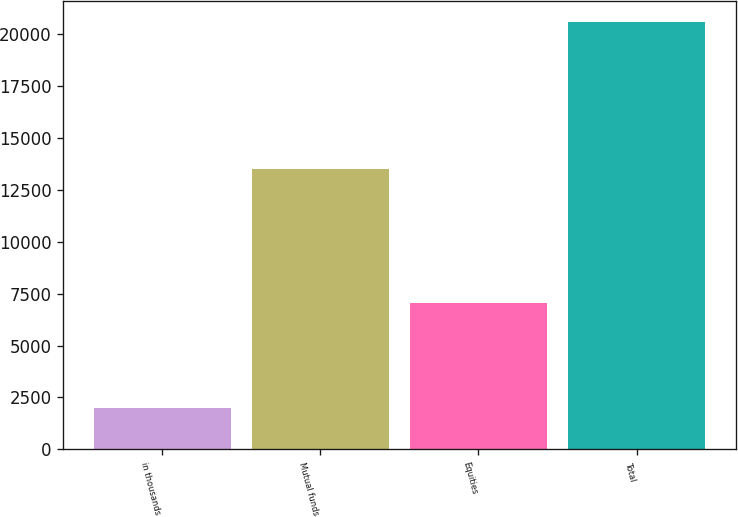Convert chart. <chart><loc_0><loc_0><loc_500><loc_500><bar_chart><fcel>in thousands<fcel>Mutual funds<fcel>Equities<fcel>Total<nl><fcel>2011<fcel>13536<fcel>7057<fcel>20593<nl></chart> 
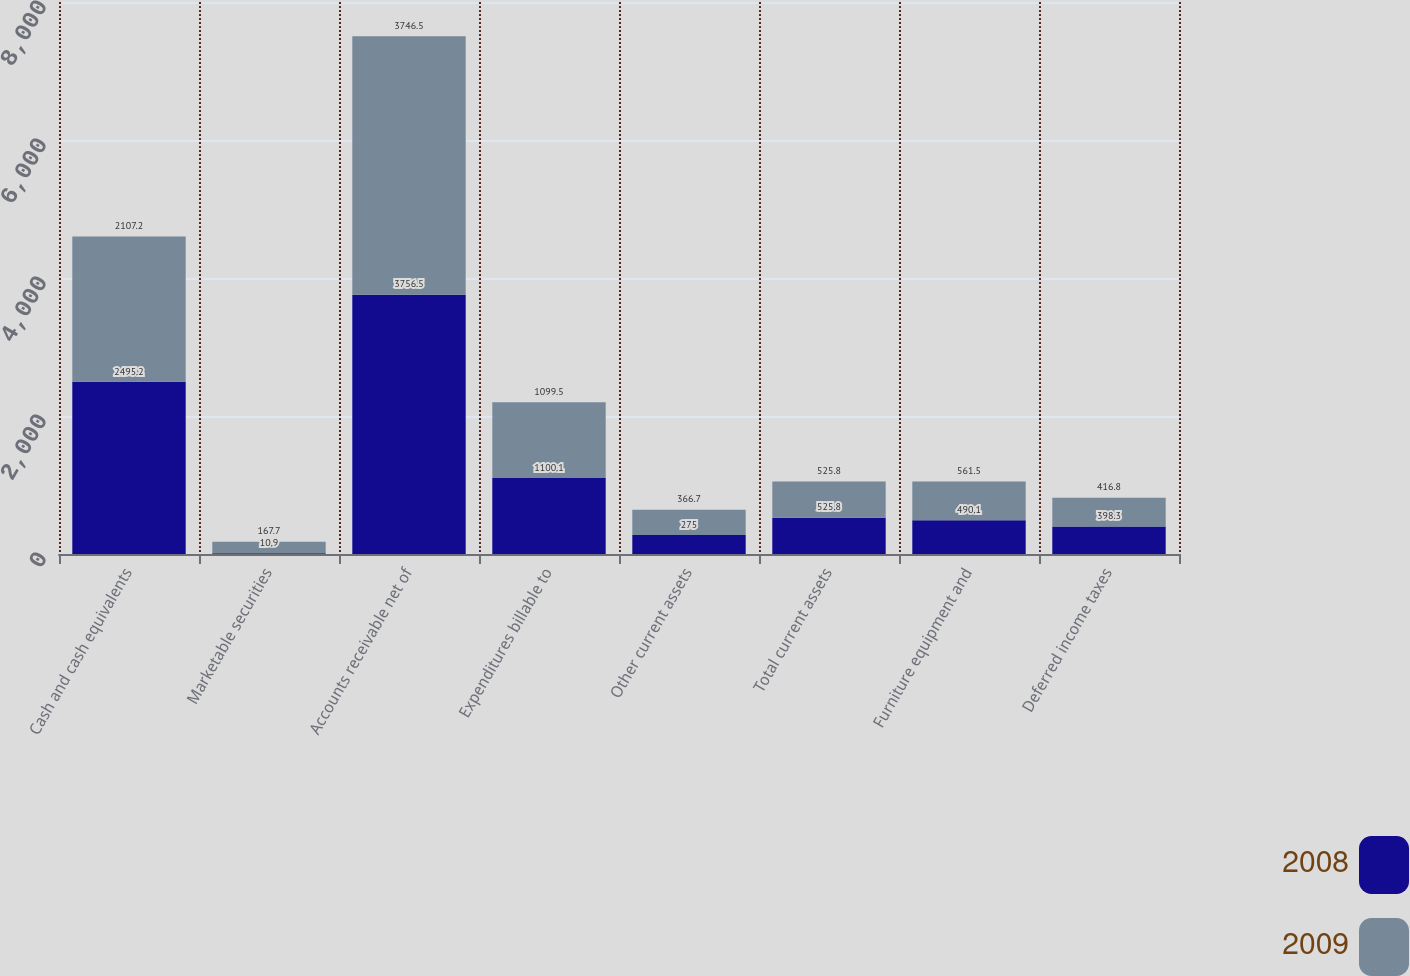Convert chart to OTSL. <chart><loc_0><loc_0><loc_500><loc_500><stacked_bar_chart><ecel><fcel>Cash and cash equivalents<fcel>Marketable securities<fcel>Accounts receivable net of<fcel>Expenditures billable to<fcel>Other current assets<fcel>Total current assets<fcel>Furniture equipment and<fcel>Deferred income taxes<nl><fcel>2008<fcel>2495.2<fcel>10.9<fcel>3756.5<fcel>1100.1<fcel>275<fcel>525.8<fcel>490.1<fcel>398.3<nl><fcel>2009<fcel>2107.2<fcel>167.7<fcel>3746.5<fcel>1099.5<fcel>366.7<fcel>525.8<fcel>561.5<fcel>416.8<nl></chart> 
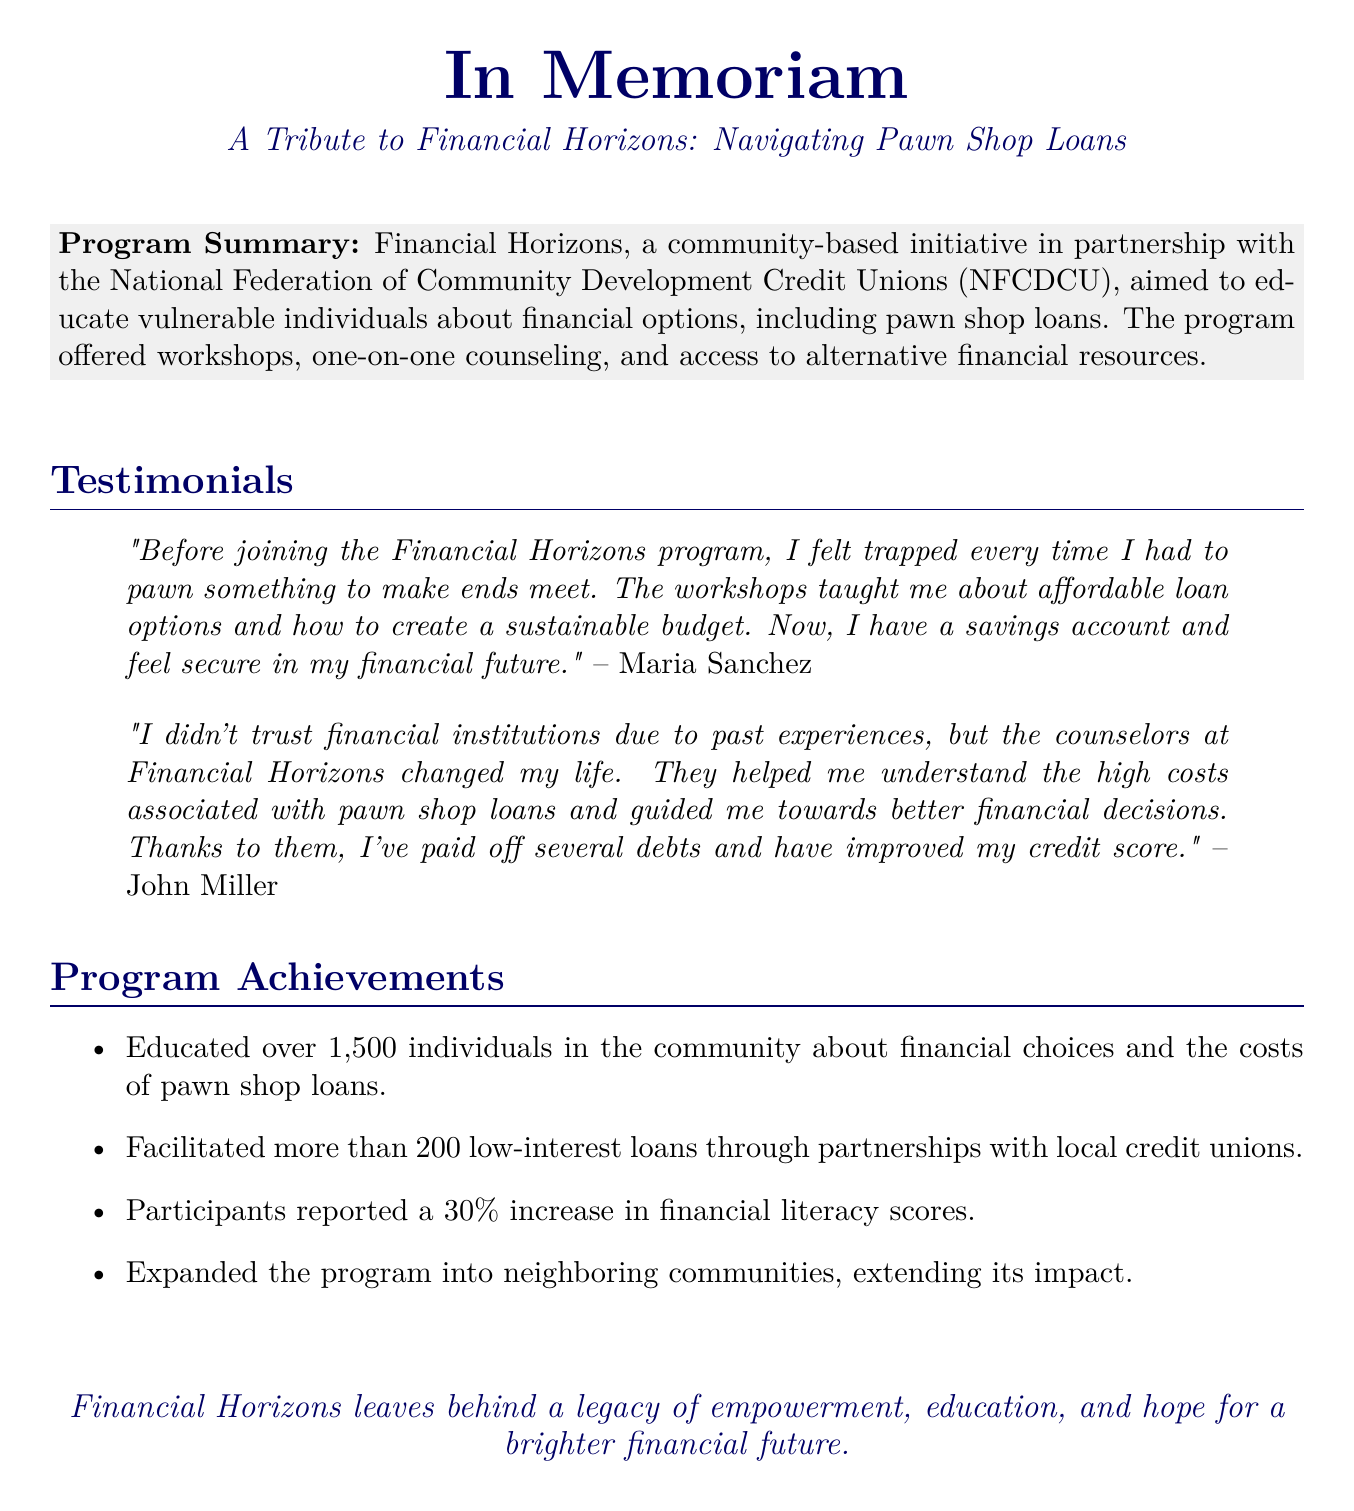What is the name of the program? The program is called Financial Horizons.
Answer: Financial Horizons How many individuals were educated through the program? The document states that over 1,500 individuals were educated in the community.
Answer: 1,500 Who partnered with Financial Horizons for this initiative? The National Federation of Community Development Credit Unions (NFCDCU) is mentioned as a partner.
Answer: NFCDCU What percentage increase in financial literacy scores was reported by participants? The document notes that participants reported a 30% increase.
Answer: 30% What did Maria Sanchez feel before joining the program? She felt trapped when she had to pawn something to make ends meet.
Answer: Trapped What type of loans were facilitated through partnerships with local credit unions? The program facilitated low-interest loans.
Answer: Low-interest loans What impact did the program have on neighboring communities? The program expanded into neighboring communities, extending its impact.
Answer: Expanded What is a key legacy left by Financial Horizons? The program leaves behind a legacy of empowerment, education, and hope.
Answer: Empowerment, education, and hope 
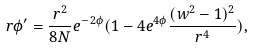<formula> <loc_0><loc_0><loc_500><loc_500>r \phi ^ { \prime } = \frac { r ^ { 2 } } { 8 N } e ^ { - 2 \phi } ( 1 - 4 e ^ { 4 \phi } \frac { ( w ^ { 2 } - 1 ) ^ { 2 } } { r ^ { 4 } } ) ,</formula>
+ + +
*WORK INSTRUCTIONS*:
Drop the pictures and reproduce the rest of the data exactly.

*ANSWER AREA*:
Convert chart. <chart><loc_0><loc_0><loc_500><loc_500><bar_chart><fcel>in thousands<fcel>Mutual funds<fcel>Equities<fcel>Total<nl><fcel>2011<fcel>13536<fcel>7057<fcel>20593<nl></chart> 
Convert chart to OTSL. <chart><loc_0><loc_0><loc_500><loc_500><stacked_bar_chart><ecel><fcel>Cash and cash equivalents<fcel>Marketable securities<fcel>Accounts receivable net of<fcel>Expenditures billable to<fcel>Other current assets<fcel>Total current assets<fcel>Furniture equipment and<fcel>Deferred income taxes<nl><fcel>2008<fcel>2495.2<fcel>10.9<fcel>3756.5<fcel>1100.1<fcel>275<fcel>525.8<fcel>490.1<fcel>398.3<nl><fcel>2009<fcel>2107.2<fcel>167.7<fcel>3746.5<fcel>1099.5<fcel>366.7<fcel>525.8<fcel>561.5<fcel>416.8<nl></chart> 
What is the name of the program? The program is called Financial Horizons.
Answer: Financial Horizons How many individuals were educated through the program? The document states that over 1,500 individuals were educated in the community.
Answer: 1,500 Who partnered with Financial Horizons for this initiative? The National Federation of Community Development Credit Unions (NFCDCU) is mentioned as a partner.
Answer: NFCDCU What percentage increase in financial literacy scores was reported by participants? The document notes that participants reported a 30% increase.
Answer: 30% What did Maria Sanchez feel before joining the program? She felt trapped when she had to pawn something to make ends meet.
Answer: Trapped What type of loans were facilitated through partnerships with local credit unions? The program facilitated low-interest loans.
Answer: Low-interest loans What impact did the program have on neighboring communities? The program expanded into neighboring communities, extending its impact.
Answer: Expanded What is a key legacy left by Financial Horizons? The program leaves behind a legacy of empowerment, education, and hope.
Answer: Empowerment, education, and hope 
<formula> <loc_0><loc_0><loc_500><loc_500>r \phi ^ { \prime } = \frac { r ^ { 2 } } { 8 N } e ^ { - 2 \phi } ( 1 - 4 e ^ { 4 \phi } \frac { ( w ^ { 2 } - 1 ) ^ { 2 } } { r ^ { 4 } } ) ,</formula>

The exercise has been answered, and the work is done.